▼

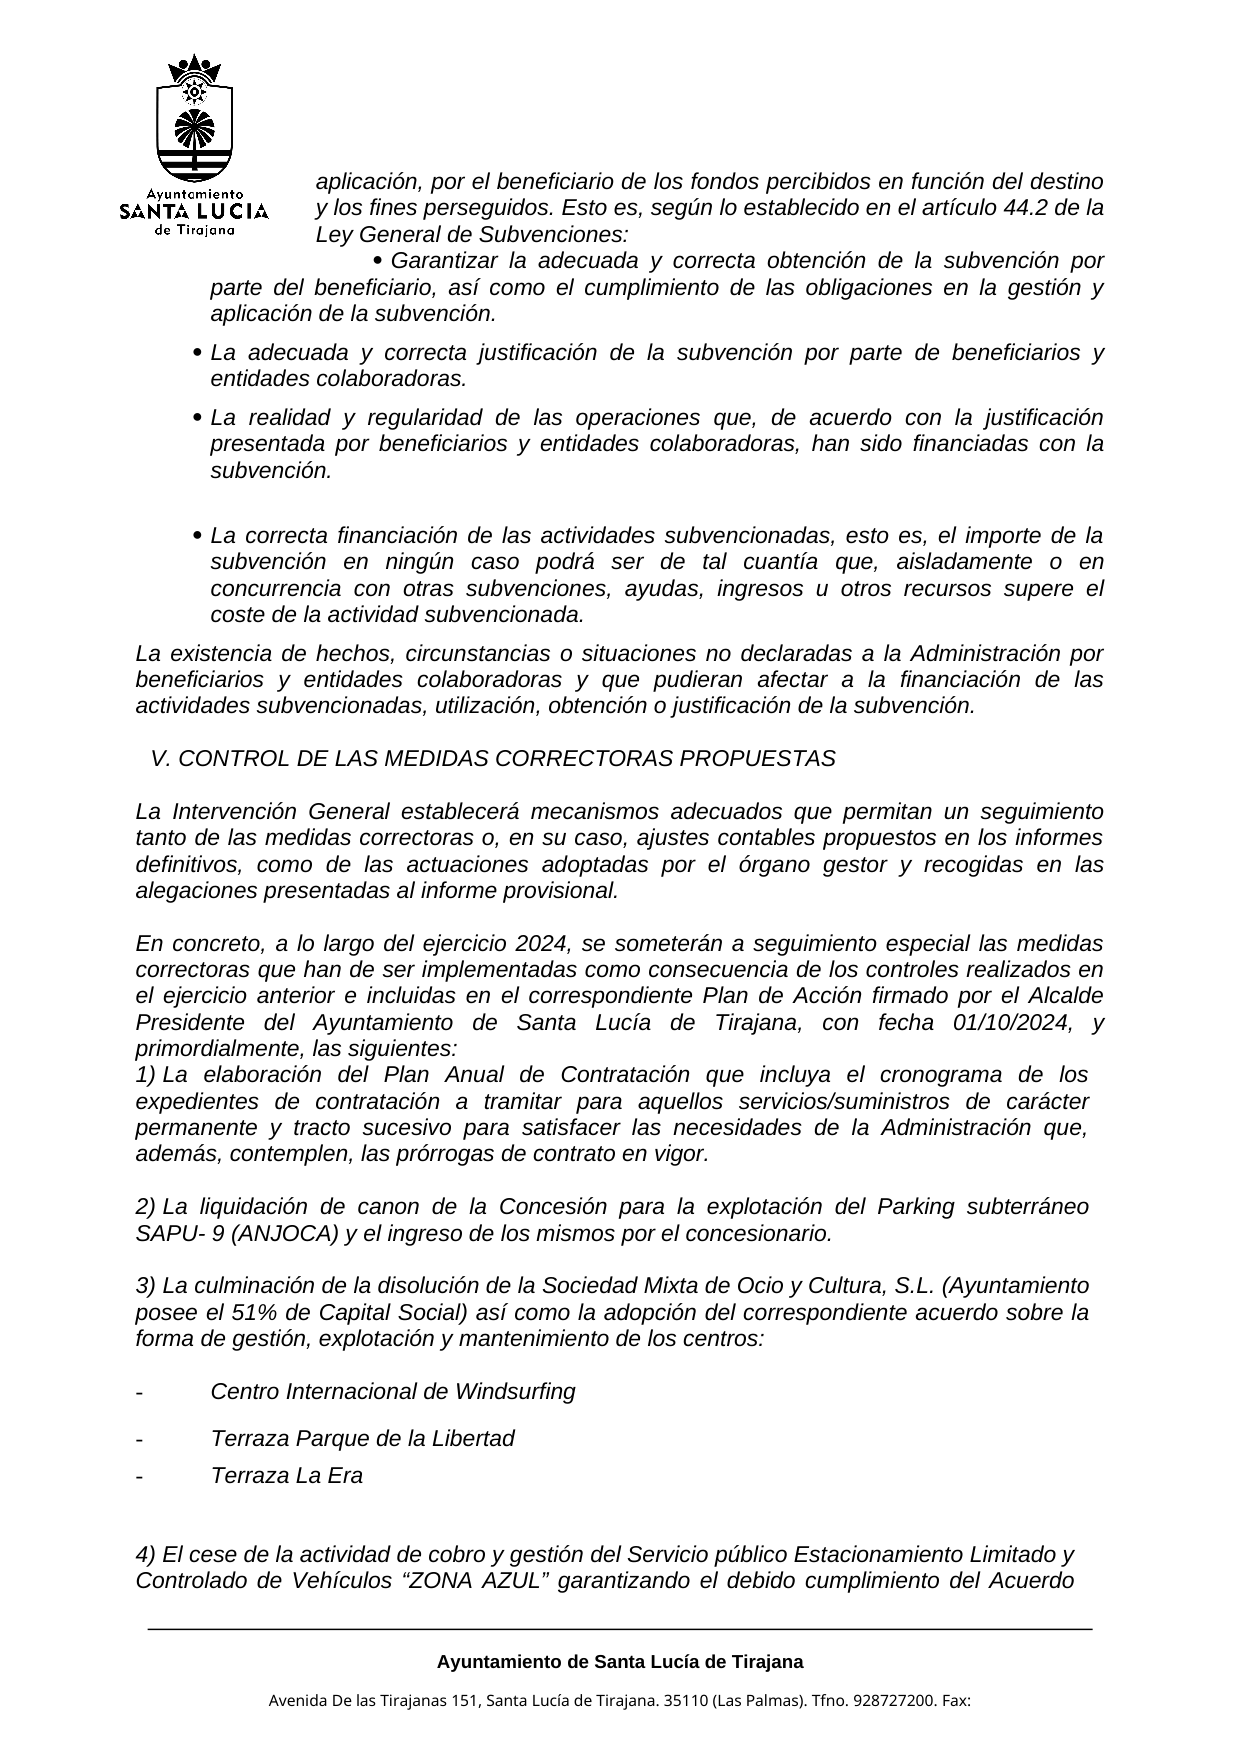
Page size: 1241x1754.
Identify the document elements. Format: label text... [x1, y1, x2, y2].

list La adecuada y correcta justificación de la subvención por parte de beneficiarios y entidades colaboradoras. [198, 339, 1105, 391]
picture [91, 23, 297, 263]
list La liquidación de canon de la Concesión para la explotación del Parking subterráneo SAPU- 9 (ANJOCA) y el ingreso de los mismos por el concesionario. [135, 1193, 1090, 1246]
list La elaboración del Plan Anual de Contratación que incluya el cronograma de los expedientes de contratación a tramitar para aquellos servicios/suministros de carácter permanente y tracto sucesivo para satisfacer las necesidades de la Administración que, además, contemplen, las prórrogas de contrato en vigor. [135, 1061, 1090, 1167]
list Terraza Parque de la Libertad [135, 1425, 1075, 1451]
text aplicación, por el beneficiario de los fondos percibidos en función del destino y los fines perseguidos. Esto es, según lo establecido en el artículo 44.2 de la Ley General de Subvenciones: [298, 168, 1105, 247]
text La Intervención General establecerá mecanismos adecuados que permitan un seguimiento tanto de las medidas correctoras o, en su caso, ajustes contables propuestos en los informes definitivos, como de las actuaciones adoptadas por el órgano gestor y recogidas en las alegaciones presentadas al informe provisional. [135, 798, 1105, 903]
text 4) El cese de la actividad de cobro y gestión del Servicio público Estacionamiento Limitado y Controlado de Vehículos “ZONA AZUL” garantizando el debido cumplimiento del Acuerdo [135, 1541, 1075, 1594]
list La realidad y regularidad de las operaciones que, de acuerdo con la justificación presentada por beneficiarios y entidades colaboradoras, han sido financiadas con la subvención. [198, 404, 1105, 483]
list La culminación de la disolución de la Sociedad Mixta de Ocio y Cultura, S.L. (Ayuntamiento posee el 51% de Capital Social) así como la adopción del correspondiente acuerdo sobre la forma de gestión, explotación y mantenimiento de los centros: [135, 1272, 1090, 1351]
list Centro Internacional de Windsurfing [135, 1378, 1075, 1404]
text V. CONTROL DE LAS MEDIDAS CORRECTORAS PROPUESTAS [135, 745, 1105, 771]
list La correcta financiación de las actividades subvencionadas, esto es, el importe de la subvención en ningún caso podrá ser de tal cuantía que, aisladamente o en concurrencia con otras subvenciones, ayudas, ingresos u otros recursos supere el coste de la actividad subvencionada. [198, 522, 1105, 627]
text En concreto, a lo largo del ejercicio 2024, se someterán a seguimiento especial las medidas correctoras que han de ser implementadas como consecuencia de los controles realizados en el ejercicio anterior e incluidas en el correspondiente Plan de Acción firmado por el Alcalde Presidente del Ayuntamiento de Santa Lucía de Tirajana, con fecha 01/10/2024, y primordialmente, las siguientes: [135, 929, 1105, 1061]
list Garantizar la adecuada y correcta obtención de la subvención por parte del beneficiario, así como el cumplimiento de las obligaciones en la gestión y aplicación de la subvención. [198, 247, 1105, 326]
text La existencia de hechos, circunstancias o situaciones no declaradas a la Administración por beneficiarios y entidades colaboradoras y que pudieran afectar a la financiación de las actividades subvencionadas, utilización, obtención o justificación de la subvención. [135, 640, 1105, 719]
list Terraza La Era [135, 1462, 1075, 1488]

▲
▼

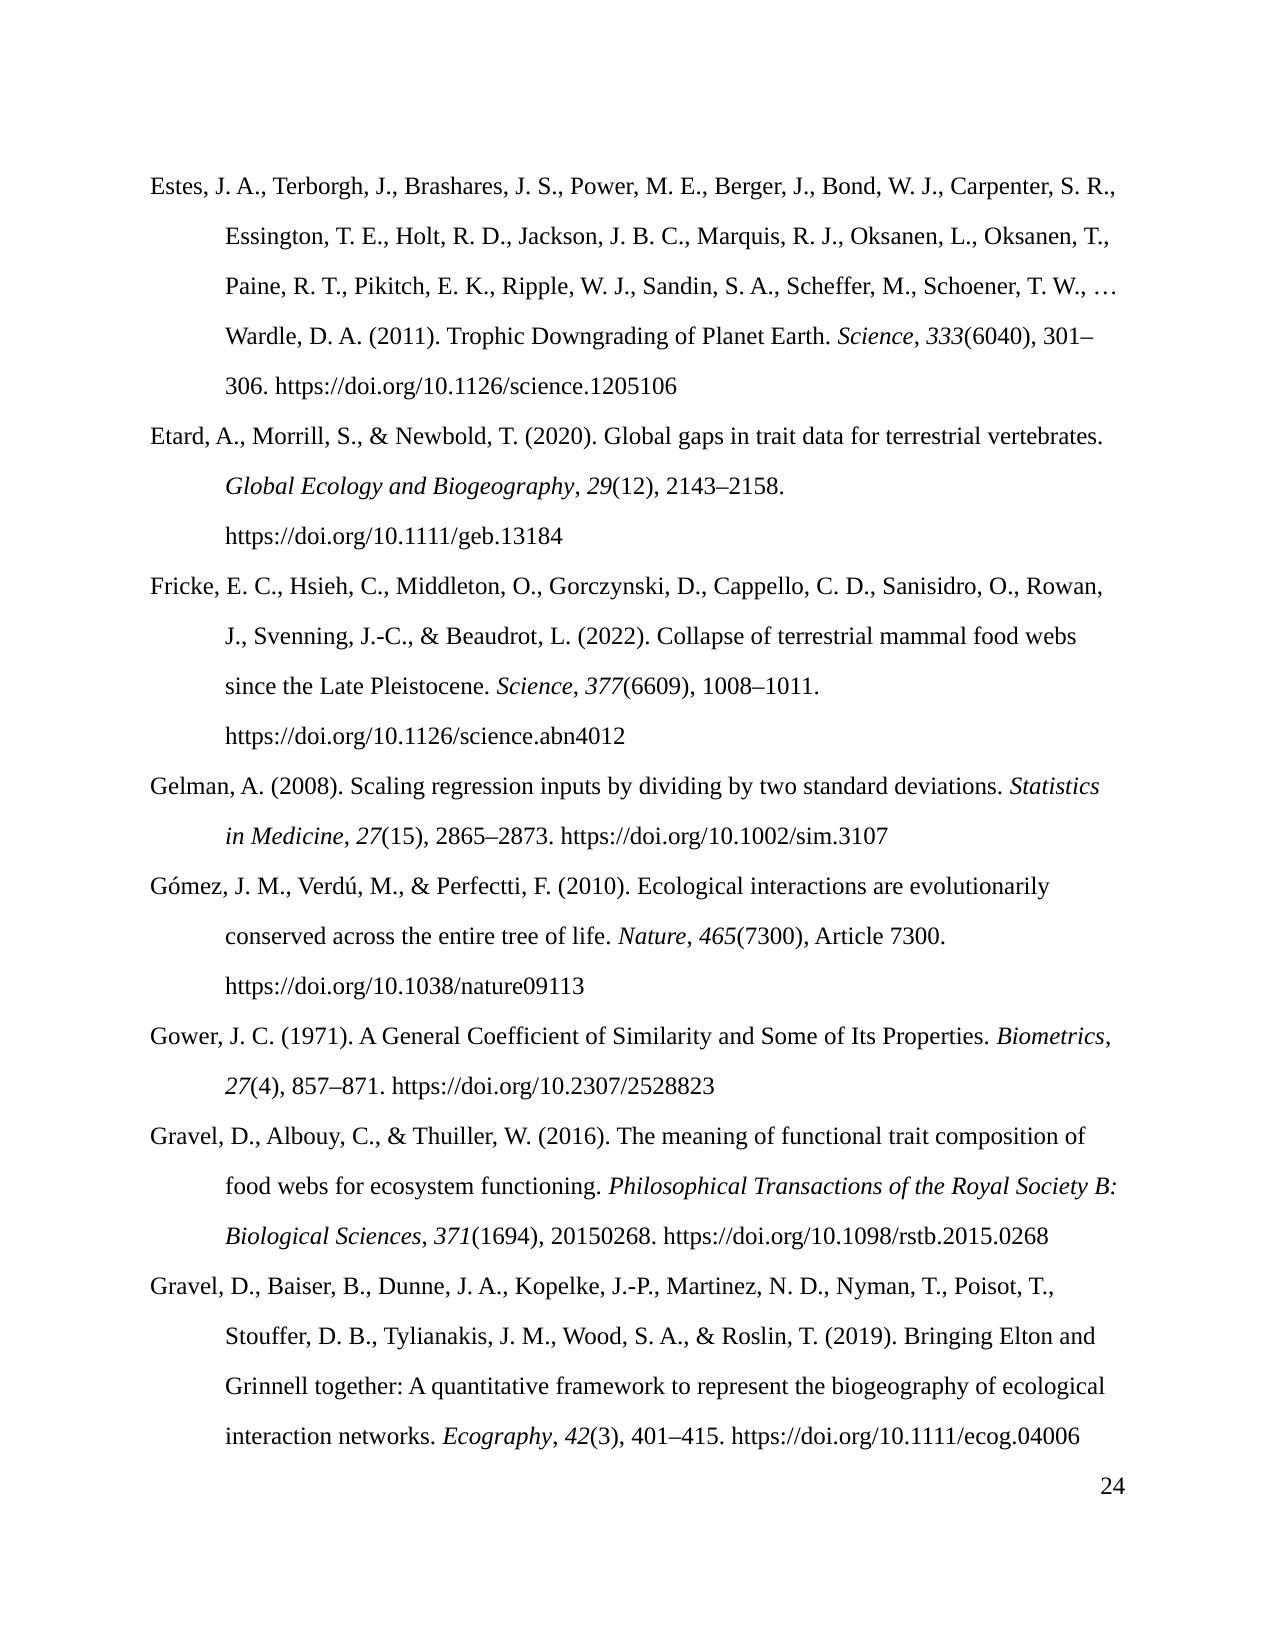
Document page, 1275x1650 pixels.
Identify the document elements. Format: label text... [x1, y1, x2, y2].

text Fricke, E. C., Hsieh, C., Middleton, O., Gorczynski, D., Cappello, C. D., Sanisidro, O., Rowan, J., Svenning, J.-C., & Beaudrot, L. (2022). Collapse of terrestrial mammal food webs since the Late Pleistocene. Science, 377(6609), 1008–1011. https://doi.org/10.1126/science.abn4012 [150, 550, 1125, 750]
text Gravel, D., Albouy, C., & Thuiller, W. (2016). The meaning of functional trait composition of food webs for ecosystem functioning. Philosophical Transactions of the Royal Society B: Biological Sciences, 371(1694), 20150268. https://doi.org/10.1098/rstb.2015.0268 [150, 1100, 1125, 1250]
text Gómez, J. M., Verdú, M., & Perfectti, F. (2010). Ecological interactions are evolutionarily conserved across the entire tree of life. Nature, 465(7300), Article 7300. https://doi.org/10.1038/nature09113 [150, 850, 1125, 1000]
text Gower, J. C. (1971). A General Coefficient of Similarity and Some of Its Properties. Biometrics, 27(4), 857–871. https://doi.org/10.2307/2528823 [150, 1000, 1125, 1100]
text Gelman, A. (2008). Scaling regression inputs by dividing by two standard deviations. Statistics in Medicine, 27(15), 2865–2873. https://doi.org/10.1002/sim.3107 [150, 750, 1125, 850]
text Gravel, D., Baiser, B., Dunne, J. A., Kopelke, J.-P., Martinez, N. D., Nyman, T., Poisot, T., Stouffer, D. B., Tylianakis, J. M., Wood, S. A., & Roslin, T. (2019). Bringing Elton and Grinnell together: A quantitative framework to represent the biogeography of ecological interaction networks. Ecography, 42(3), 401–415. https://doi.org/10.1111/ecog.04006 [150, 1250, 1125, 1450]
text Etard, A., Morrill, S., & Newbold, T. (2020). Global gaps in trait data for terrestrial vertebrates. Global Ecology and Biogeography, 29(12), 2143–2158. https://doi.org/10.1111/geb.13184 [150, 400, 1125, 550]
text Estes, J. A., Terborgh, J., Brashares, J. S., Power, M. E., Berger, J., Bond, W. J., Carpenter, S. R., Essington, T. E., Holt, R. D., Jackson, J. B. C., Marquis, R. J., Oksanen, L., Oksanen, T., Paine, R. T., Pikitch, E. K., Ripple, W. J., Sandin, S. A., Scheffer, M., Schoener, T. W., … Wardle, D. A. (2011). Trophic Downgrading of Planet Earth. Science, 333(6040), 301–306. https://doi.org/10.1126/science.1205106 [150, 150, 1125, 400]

▲

Aim of the task:
Only the lines from the one containing "Page size: 1241x1754." through the one containing "text aplicación, por" are to be retyped, both boundary lines included, with no other material.

Answer to this task:
Page size: 1241x1754.
Identify the document elements. Format: label text... [x1, y1, x2, y2].

list La adecuada y correcta justificación de la subvención por parte de beneficiarios y entidades colaboradoras. [198, 339, 1105, 391]
picture [91, 23, 297, 263]
list La liquidación de canon de la Concesión para la explotación del Parking subterráneo SAPU- 9 (ANJOCA) y el ingreso de los mismos por el concesionario. [135, 1193, 1090, 1246]
list La elaboración del Plan Anual de Contratación que incluya el cronograma de los expedientes de contratación a tramitar para aquellos servicios/suministros de carácter permanente y tracto sucesivo para satisfacer las necesidades de la Administración que, además, contemplen, las prórrogas de contrato en vigor. [135, 1061, 1090, 1167]
list Terraza Parque de la Libertad [135, 1425, 1075, 1451]
text aplicación, por el beneficiario de los fondos percibidos en función del destino y los fines perseguidos. Esto es, según lo establecido en el artículo 44.2 de la Ley General de Subvenciones: [298, 168, 1105, 247]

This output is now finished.